Data records:
----

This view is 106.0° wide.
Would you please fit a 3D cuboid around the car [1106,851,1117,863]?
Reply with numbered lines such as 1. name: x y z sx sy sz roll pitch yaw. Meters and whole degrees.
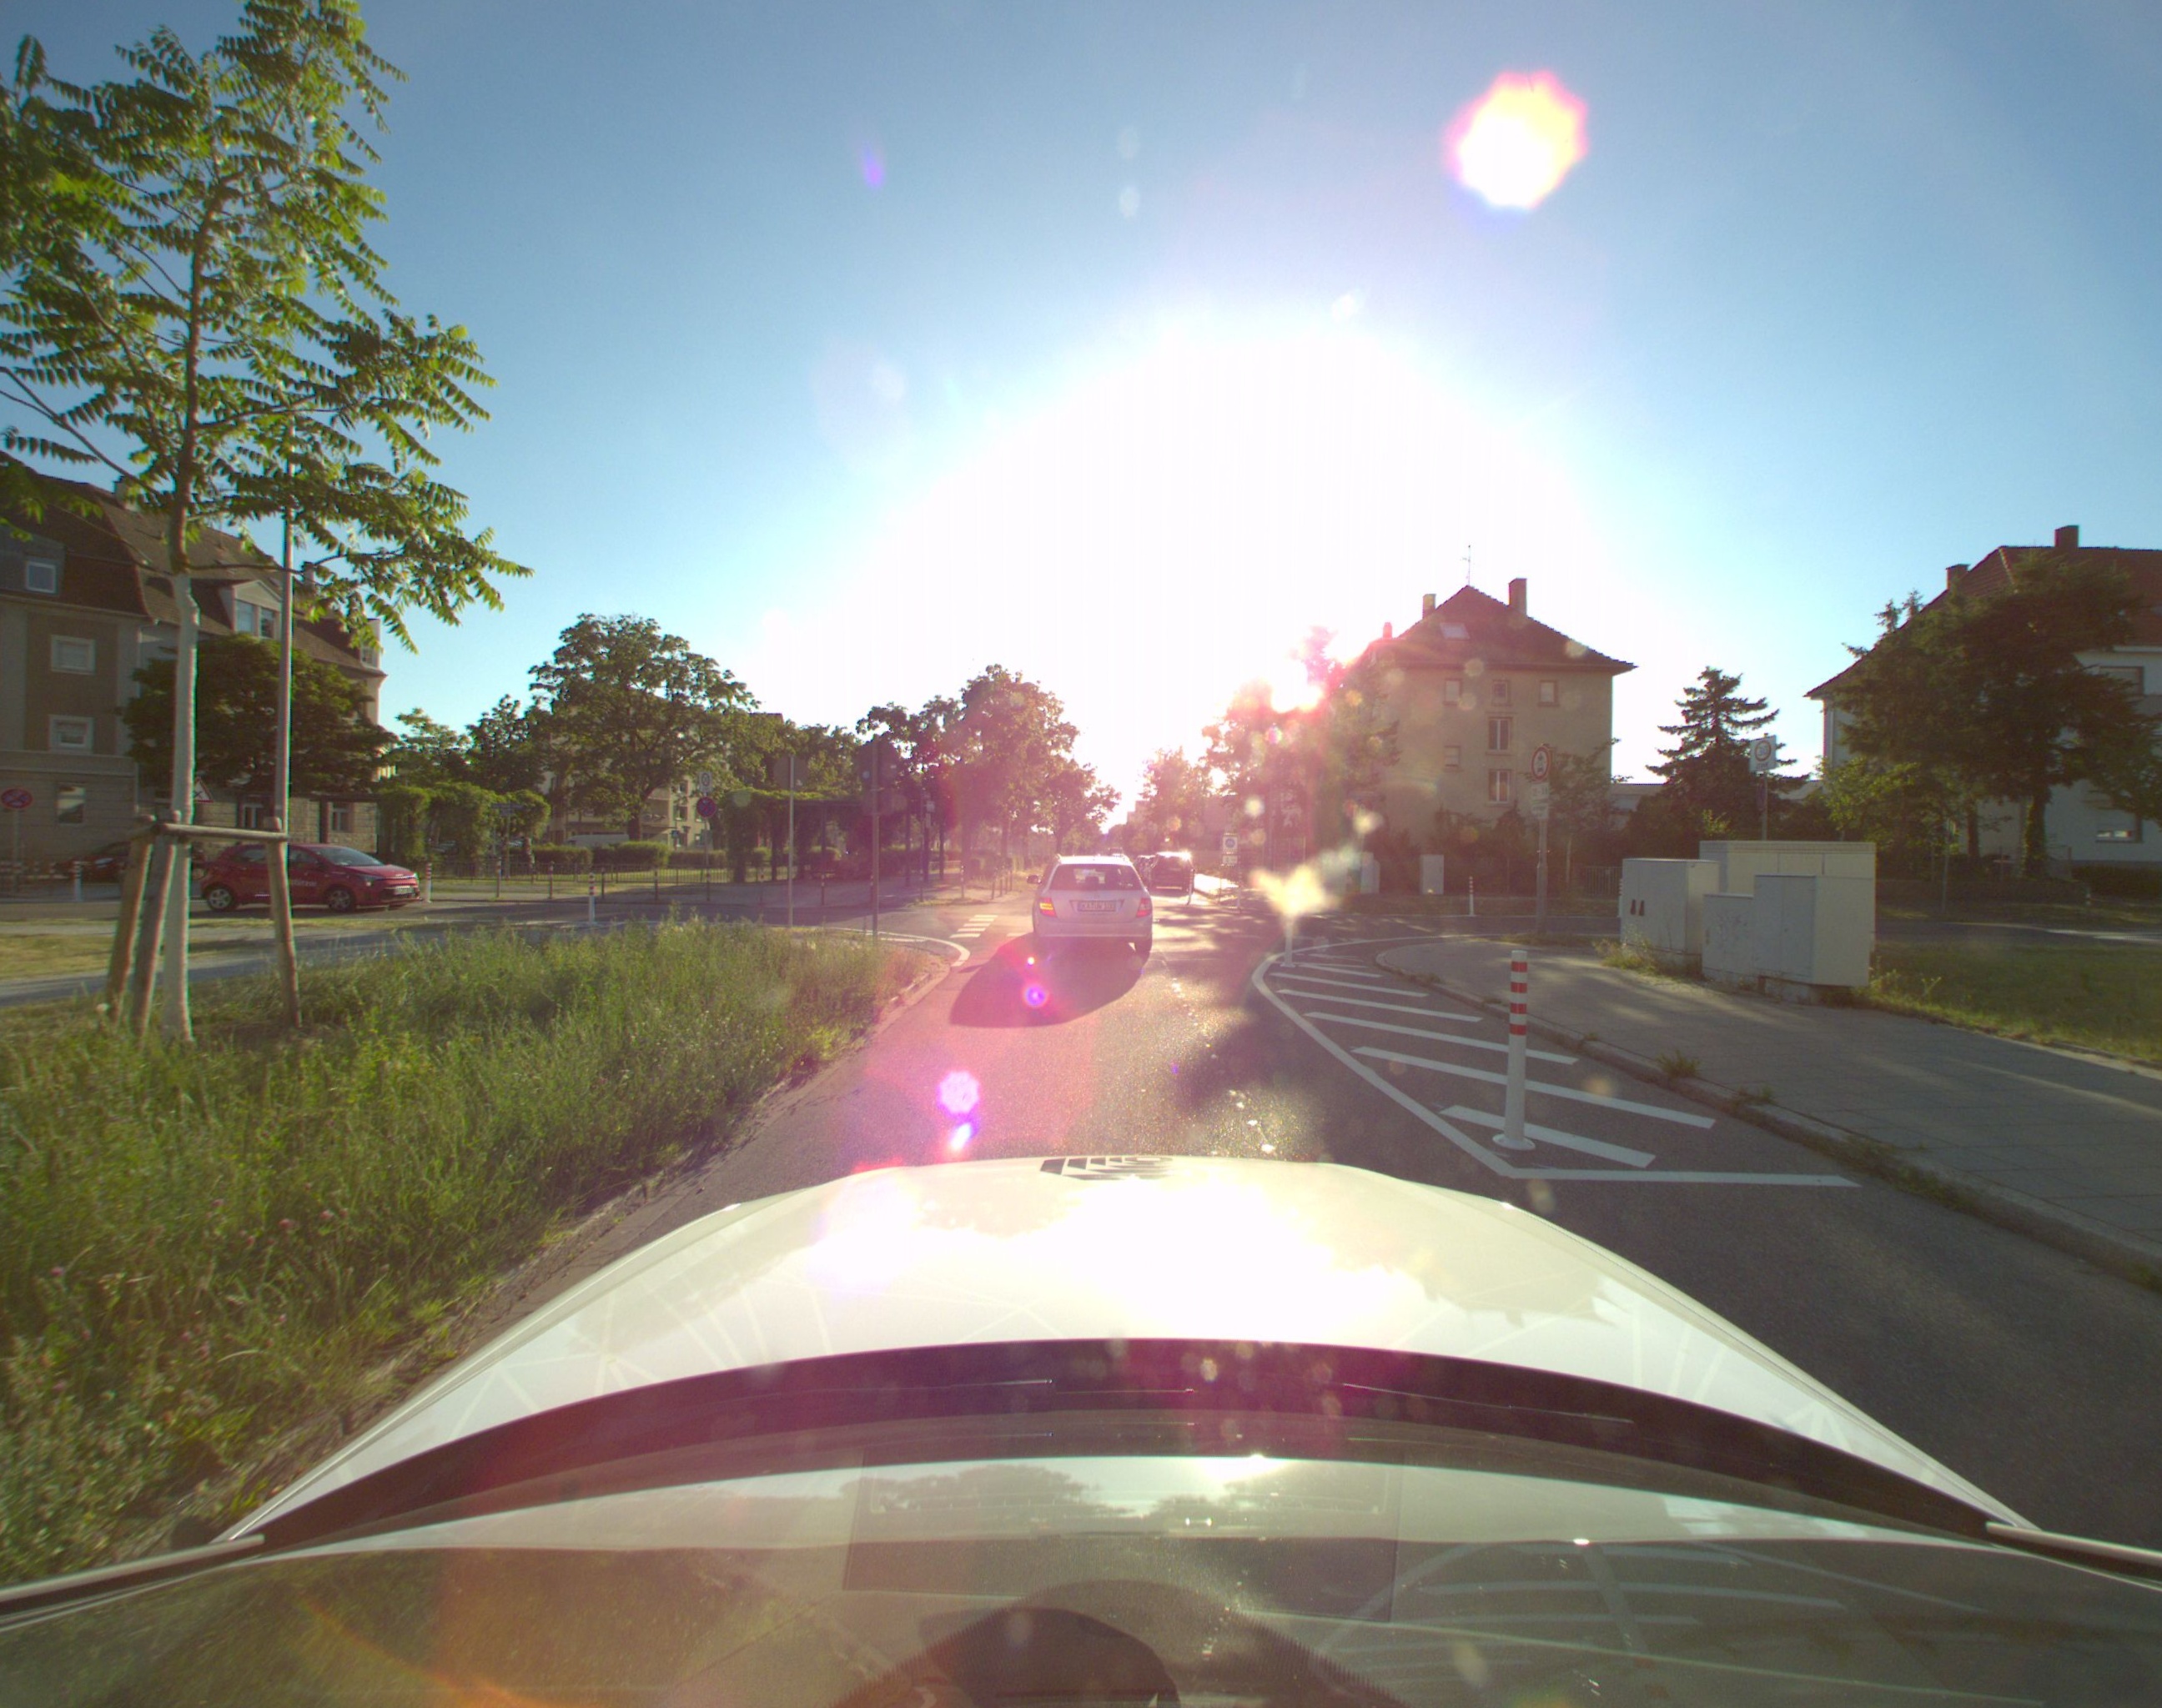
1. car: 5.688 0.561 150.170 1.986 2.123 4.002 1 0 2

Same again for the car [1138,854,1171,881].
1. car: 4.415 0.780 49.350 1.724 1.518 3.760 1 0 1

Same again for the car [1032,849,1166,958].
1. car: 0.123 0.671 13.219 1.813 1.473 4.210 0 0 -4

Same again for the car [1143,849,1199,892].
1. car: 3.851 0.689 35.353 1.812 1.641 4.214 3 0 -1

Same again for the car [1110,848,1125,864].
1. car: 4.910 0.247 110.986 1.986 2.123 4.002 1 0 2

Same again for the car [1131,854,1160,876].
1. car: 4.632 0.798 58.731 1.760 1.526 3.771 0 0 -1

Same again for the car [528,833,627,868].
1. car: -41.200 -0.277 66.926 6.706 2.745 2.297 1 0 -28

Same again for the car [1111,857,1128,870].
1. car: 4.362 1.065 93.298 1.752 1.518 3.758 1 0 -1

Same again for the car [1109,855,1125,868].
1. car: 4.321 0.837 97.558 1.725 1.518 3.758 1 0 -1

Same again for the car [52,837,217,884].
1. car: -38.576 0.256 33.362 1.799 1.741 4.090 3 0 3

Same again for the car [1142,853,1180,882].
1. car: 4.316 0.711 44.224 1.759 1.526 3.773 0 0 1

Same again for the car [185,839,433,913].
1. car: -17.000 0.462 18.075 3.749 1.526 1.770 0 0 -1

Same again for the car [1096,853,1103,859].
1. car: 5.416 0.580 240.810 1.859 1.618 4.000 1 0 0

----

_About this task_
Nothing but the lines from the one containing "Same again for the car [185,839,433,913]." through the last line of the data above should be given again, each exactly as it stands.

_Completed task_
Same again for the car [185,839,433,913].
1. car: -17.000 0.462 18.075 3.749 1.526 1.770 0 0 -1

Same again for the car [1096,853,1103,859].
1. car: 5.416 0.580 240.810 1.859 1.618 4.000 1 0 0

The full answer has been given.